Cinco años después de su muerte, el Videla que recuerdo es un anciano muy delgado, levemente encorvado, que rezaba el rosario todas las tardes y comulgaba todos los domingos, y que afirmaba que dormía muy tranquilo, sin ningún tipo de remordimientos por las miles de personas que habían sido asesinadas y desaparecidas durante su dictadura.
"Pongamos que eran siete mil y ocho mil las personas que debían morir para ganar la guerra contra la subversión; no podíamos fusilarlas. Tampoco podíamos llevarlas ante la justicia". Es una de las frases que puedo citar de memoria, entre las muchas que me impactaron durante las nueve entrevistas que le realice entre octubre de 2011 y marzo de 2012.
Esas entrevistas, junto con reportajes a militares, guerrilleros, políticos, sindicalistas y empresarios, dieron origen al libro Disposición Final, publicado el 13 de abril de 2012.
Las entrevistas ocurrieron en su celda en el penal de Campo de Mayo. Jorge Rafael Videla había sido condenado varias veces a prisión perpetua; muy lúcido, parecía detenido en el tiempo en el que fue la persona más poderosa del país y contaba los hechos que había protagonizado como si hubieran sido realizados por otra persona, con una precisión y una frialdad llamativas.
Videla fue encontrado muerto sentado en el inodoro de su celda el 17 de mayo de 2013, poco más de un año después de la publicación de Disposición Final, a los 87 años. Luego de un accidente en la prisión y sin haber recibido ningún tipo de asistencia médica.
Para ese momento, Videla y otros once militares presos por crímenes de lesa humanidad habían sido trasladados a Marcos Paz, a una cárcel común, de máxima seguridad, y más alejada de la Capital Federal. La señal para los represores y sus familiares era muy clara: no tenían que hablar con periodistas.
En Disposición Final queda claro que Videla sabía mucho más de lo que me dijo sobre el destino de los desaparecidos.
En octubre de 2011, señaló que, junto con otros militares presos, estaba pensando en elaborar un documento para reunir toda la información que tenían sobre ese tema, pero unos meses después había desistido, en especial por la negativa de algunos de sus camaradas, como Luciano Benjamín Menéndez.
Yo esperaba que el gobierno de la presidenta Cristina Kirchner aprovechara ese quiebre entre los represores y encontrara la forma de acceder a esa información para satisfacer las necesidades de tantos parientes y amigos de los desaparecidos, que seguían —siguen— buscando los restos de sus seres queridos.
Pero, el kirchnerismo había construido una visión tan binaria, tan maniquea, de la violencia política en los 70 que no soportaba un mínimo corrimiento a su "teoría de ángeles y demonios".
Por ejemplo, Videla afirmó que los jefes militares llegaron al golpe de 1976 convencidos de que "siete mil u ocho mil personas debían morir". Una matanza de criminales, una violación masiva a los derechos humanos.
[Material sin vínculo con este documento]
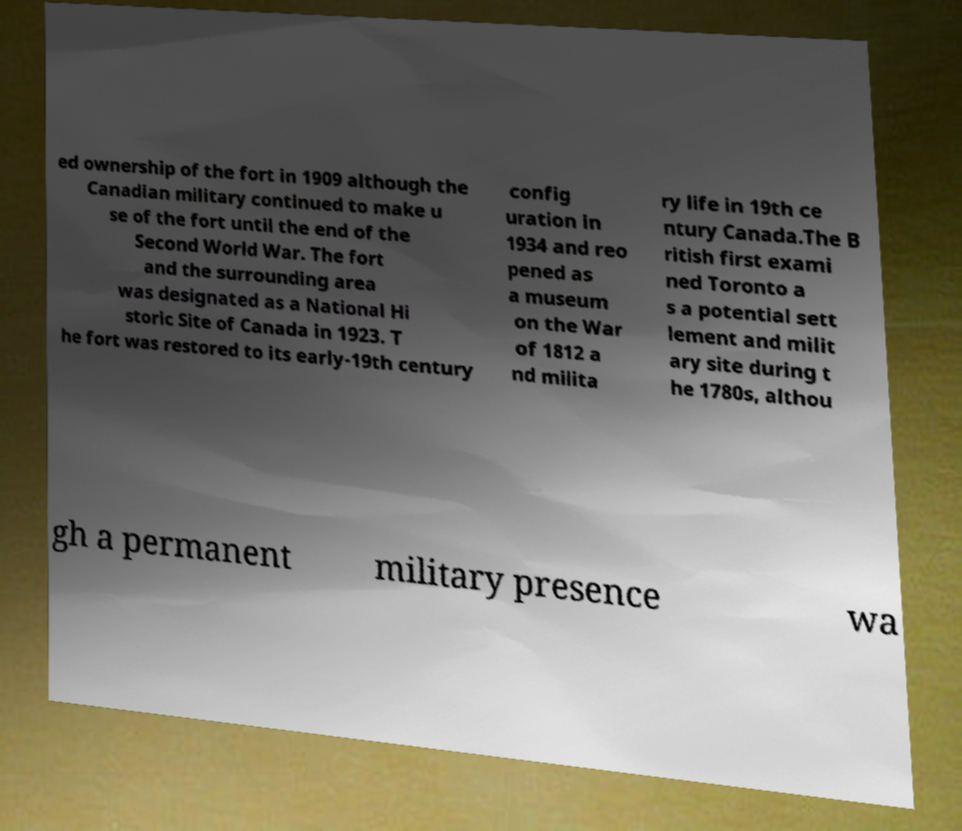Could you extract and type out the text from this image? ed ownership of the fort in 1909 although the Canadian military continued to make u se of the fort until the end of the Second World War. The fort and the surrounding area was designated as a National Hi storic Site of Canada in 1923. T he fort was restored to its early-19th century config uration in 1934 and reo pened as a museum on the War of 1812 a nd milita ry life in 19th ce ntury Canada.The B ritish first exami ned Toronto a s a potential sett lement and milit ary site during t he 1780s, althou gh a permanent military presence wa

Sin embargo, Cristina Kirchner, sus partidarios y las organizaciones de derechos humanos no podían admitir un número inferior a la cifra de los 30 mil detenidos desaparecidos.
Todos ellos sabían —saben— que ese número es falso —de hecho, no pueden indicar una fuente concreta, precisa, que lo avale— pero lo han transformado en una bandera política que ya no se atreven a arriar.
Además, la admisión de Videla de que la dictadura apeló a las desapariciones para evitar que la gente supiera qué estaba sucediendo y "no provocar protestas", liberaba a los ciudadanos de la culpa que muchos podían todavía sentir por no haber reaccionado a tiempo frente a tanto salvajismo.
El kirchnerismo, con el desparpajo que lo caracteriza, solía utilizar esa "mala conciencia" con fines extorsivos o de castigo, como cuando fue derrotado en las elecciones legislativas de 2009 y sus voceros salieron a acusar a las clases medias de haber respaldado la represión ilegal.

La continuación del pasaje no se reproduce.